The hallowed film franchise of the beloved Harry Potter books semi-ends with Part 1. I’m looking forward to the end.

The first thing you notice is the fast aging of Harry (Daniel Radcliffe), Ron (Rupert Grint) and Hermione (Emma Watson). With all the wizards and witches in J.K. Rowling’s epic ugly and very, very old (you’d think there would be a spell to never age!), the trio is on the fast track to decrepitude. Poor Hermione stands around in homeless clothes. Ron has never been a ladies man and looks confused at Hermione’s attention. Grint’s wonky face can make only one expression – shock and awe. Reluctant ‘Chosen One” Harry is, well, impenetrable. He keeps his acting in his invisibility cloak. And when Harry and Hermione danced, even the rabid Potter fans in the audience mockingly laughed.

It’s a long, boring camping trip. As teens, the trio has no awakening sexual dynamic. That’s odd, n’est-ce pas?

Screenwriter Steve Kloves literally just throws the book at us. While the trio fails to bring the slightest emotion to their roles, all the other actors ham it up. First up – Minister of Magic Rufus Scrimgeour (Bill Nighy) who crucifies his amazing career with this performance. Then there is villainous Lord Voldemort (Ralph Fiennes) who thinks he’s Robert De Niro playing Al Capone in THE UNTOUCHABLES. Voldemort is obsessed with killing Harry Potter himself. And while he smiles and his sycophants cower at his table, Potter is not that scared.

Crazy-eyed Mad-Eye Moody (Brendan Gleeson) takes multiple Harrys to a wedding for safe-keeping. I needed online research to dope out that Harry must find Voldermort’s Horcruxes. Who leaves parts of their soul lying around?

Before the trio’s camping trip, they go to the Fourth Reich’s Ministry of Magic and assume the identities of three employees. At least these three can act! Since Kloves has absolutely no talent finding a way to give us much needed exposition, the Potter-less are left floundering. If only Lord Voldemort had showed some anxiety over parts of his soul gone missing.

Does Rowlings give any reason why all the wizards are missing body parts?

For the uninitiated, I have done the research.

From Yahoo Answers: The stereotype of the green-faced witch with the crooked nose stems from the so-called “burning times” or the Inquisition. Women were persecuted and beaten severely and tortured to “confess” to witchcraft before being burned, hanged or beheaded. These women were paraded through the town before execution and looked frightful due to the beatings and torture. Their faces were horrible shades of green from the bruises, their noses and teeth were usually broken, among other things. This is the last sight people saw of the accused and “convicted” witch before her death.

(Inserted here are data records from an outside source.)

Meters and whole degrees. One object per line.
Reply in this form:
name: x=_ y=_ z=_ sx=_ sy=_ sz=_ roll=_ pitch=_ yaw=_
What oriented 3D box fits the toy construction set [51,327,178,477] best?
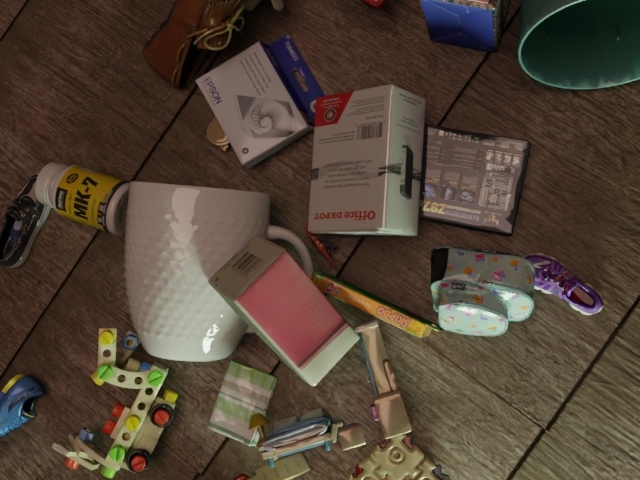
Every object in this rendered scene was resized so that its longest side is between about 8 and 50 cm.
toy construction set: x=-0.421 y=0.355 z=1.578 sx=0.215 sy=0.151 sz=0.328 roll=27 pitch=100 yaw=-9

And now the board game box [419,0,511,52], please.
board game box: x=0.299 y=-0.539 z=1.440 sx=0.141 sy=0.232 sz=0.291 roll=15 pitch=89 yaw=15

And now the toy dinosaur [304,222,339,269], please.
toy dinosaur: x=0.000 y=0.000 z=1.546 sx=0.047 sy=0.090 sz=0.082 roll=-42 pitch=120 yaw=17

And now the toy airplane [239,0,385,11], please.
toy airplane: x=-0.015 y=-0.654 z=1.511 sx=0.384 sy=0.272 sz=0.386 roll=10 pitch=101 yaw=35

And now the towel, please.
towel: x=-0.162 y=0.335 z=1.578 sx=0.113 sy=0.023 sz=0.152 roll=18 pitch=89 yaw=15

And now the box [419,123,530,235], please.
box: x=0.275 y=-0.119 z=1.491 sx=0.232 sy=0.059 sz=0.183 roll=11 pitch=87 yaw=15

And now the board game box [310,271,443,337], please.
board game box: x=0.111 y=0.127 z=1.475 sx=0.259 sy=0.124 sz=0.039 roll=22 pitch=91 yaw=16

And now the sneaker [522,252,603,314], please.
sneaker: x=0.448 y=0.076 z=1.420 sx=0.170 sy=0.071 sz=0.068 roll=30 pitch=92 yaw=16

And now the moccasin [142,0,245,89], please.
moccasin: x=-0.231 y=-0.441 z=1.552 sx=0.147 sy=0.139 sz=0.380 roll=50 pitch=130 yaw=-3

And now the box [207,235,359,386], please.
box: x=-0.065 y=0.123 z=1.367 sx=0.127 sy=0.148 sz=0.232 roll=-45 pitch=117 yaw=-12

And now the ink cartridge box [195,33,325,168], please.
ink cartridge box: x=-0.116 y=-0.299 z=1.605 sx=0.224 sy=0.045 sz=0.223 roll=-31 pitch=78 yaw=3

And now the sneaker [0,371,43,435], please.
sneaker: x=-0.690 y=0.393 z=1.687 sx=0.082 sy=0.069 sz=0.209 roll=39 pitch=94 yaw=11

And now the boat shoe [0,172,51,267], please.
boat shoe: x=-0.678 y=-0.048 z=1.725 sx=0.080 sy=0.076 sz=0.229 roll=25 pitch=91 yaw=16

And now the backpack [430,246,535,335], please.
backpack: x=0.298 y=0.094 z=1.402 sx=0.188 sy=0.166 sz=0.144 roll=-1 pitch=61 yaw=10

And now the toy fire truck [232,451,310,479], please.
toy fire truck: x=-0.121 y=0.545 z=1.496 sx=0.246 sy=0.158 sz=0.217 roll=-43 pitch=75 yaw=18

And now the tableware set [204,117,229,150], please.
tableware set: x=-0.164 y=-0.266 z=1.642 sx=0.141 sy=0.020 sz=0.169 roll=16 pitch=85 yaw=10

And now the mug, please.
mug: x=-0.199 y=0.063 z=1.504 sx=0.374 sy=0.276 sz=0.328 roll=5 pitch=93 yaw=-5

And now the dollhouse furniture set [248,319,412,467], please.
dollhouse furniture set: x=-0.011 y=0.286 z=1.407 sx=0.303 sy=0.286 sz=0.198 roll=-17 pitch=80 yaw=1

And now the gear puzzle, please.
gear puzzle: x=0.099 y=0.533 z=1.483 sx=0.175 sy=0.044 sz=0.339 roll=43 pitch=98 yaw=13

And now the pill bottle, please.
pill bottle: x=-0.504 y=-0.095 z=1.664 sx=0.208 sy=0.119 sz=0.119 roll=18 pitch=89 yaw=16

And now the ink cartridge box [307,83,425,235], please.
ink cartridge box: x=0.087 y=-0.143 z=1.478 sx=0.197 sy=0.114 sz=0.273 roll=-1 pitch=82 yaw=43

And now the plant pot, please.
plant pot: x=0.493 y=-0.447 z=1.362 sx=0.293 sy=0.293 sz=0.235 roll=-4 pitch=70 yaw=14

Wikipedia’s explanation for Voldermort’s appearance: Rowling described Voldemort as having pale skin, a chalk-white, skull-like face without hair, snake-like slits for nostrils, red eyes and cat-like slits for pupils, a skeletally thin body and long, thin hands with unnaturally long fingers. As mentioned in the first chapter of the seventh book, he also has no lips.

Earlier in life, as seen through flashbacks contained in the second and sixth books, Tom Marvolo Riddle is described as handsome. The transformation into his monstrous state is believed to have been the result of creating his Horcruxes, becoming less human as he continued to divide his soul. Dumbledore also speculates that Voldemort may have gained his hideous appearance by undergoing dangerous magical transformations.

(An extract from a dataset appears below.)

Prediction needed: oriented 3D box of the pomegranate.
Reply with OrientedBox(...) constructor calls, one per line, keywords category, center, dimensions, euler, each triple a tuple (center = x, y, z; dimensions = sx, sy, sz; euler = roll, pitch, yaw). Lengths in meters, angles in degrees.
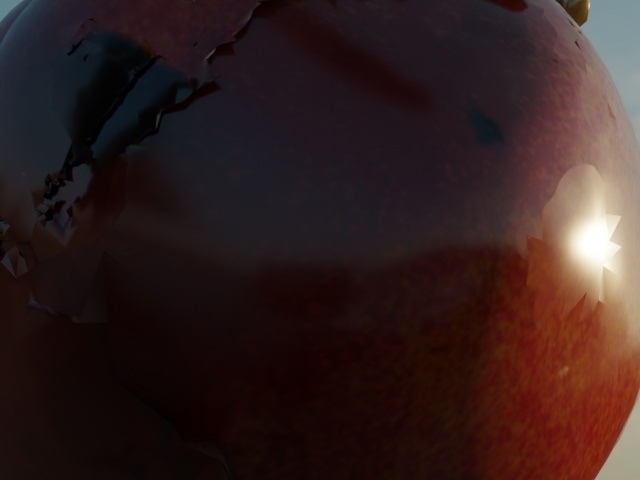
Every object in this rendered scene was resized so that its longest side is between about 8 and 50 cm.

This is the third Harry Potter film director David Yates has helmed. It appears that the skill at directing hundreds of people with military efficiently is the sole criteria for the job. Artistry be damned! With the DEADLY HALLOWS divided into Part 1 and Part 2, Yates will deliver the end of the Potter saga.

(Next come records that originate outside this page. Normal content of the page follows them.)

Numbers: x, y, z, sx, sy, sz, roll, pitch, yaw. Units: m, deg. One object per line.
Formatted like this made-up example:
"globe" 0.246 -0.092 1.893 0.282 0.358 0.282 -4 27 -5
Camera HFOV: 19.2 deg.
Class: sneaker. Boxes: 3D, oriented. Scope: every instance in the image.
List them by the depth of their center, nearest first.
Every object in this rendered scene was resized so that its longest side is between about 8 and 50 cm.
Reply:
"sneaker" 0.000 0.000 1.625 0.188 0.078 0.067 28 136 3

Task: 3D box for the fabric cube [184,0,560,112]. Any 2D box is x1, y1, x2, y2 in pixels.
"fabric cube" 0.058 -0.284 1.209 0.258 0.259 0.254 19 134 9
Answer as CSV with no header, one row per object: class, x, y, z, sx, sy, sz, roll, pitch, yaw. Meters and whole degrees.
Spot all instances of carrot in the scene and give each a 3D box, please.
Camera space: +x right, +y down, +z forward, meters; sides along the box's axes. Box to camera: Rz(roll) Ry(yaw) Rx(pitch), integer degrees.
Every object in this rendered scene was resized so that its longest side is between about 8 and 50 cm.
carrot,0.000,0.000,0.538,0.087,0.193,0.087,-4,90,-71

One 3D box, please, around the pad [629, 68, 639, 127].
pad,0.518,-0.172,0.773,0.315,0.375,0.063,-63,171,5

While the scenery is lovely and the mood darker but without menace, Yates cannot pull a sincere emotion out of his stars. I doubt he even tried. And, as I said, the other actors play cartoon caricatures of evil wizards. I must call out the costume design by Jany Temime as terrible. What teen witch would not use her magical powers for some couture threads? The makeup department makes the trio old beyond their years.